===== Data supplied =====

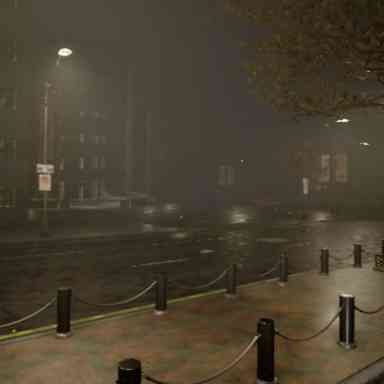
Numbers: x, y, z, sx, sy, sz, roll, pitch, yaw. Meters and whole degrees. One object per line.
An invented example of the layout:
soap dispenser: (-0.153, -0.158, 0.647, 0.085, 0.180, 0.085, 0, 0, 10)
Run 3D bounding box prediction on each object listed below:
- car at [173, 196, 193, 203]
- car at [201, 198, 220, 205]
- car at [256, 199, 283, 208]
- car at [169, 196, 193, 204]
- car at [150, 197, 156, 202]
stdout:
car: (-2.221, 1.820, 81.630, 4.553, 1.767, 2.097, 0, 0, 26)
car: (3.793, 1.993, 68.494, 1.994, 1.385, 4.181, 1, -1, -42)
car: (13.109, 1.919, 56.053, 1.882, 1.535, 5.008, 1, -1, -35)
car: (-3.042, 1.963, 78.117, 4.902, 1.511, 2.128, 0, 0, 30)
car: (-11.616, 1.873, 85.339, 4.674, 1.442, 1.812, 0, 0, 12)

=====

Find and copy each line above that includes the string "object".

* Your solution *
Numbers: x, y, z, sx, sy, sz, roll, pitch, yaw. Meters and whole degrees. One object per line.
Run 3D bounding box prediction on each object listed below:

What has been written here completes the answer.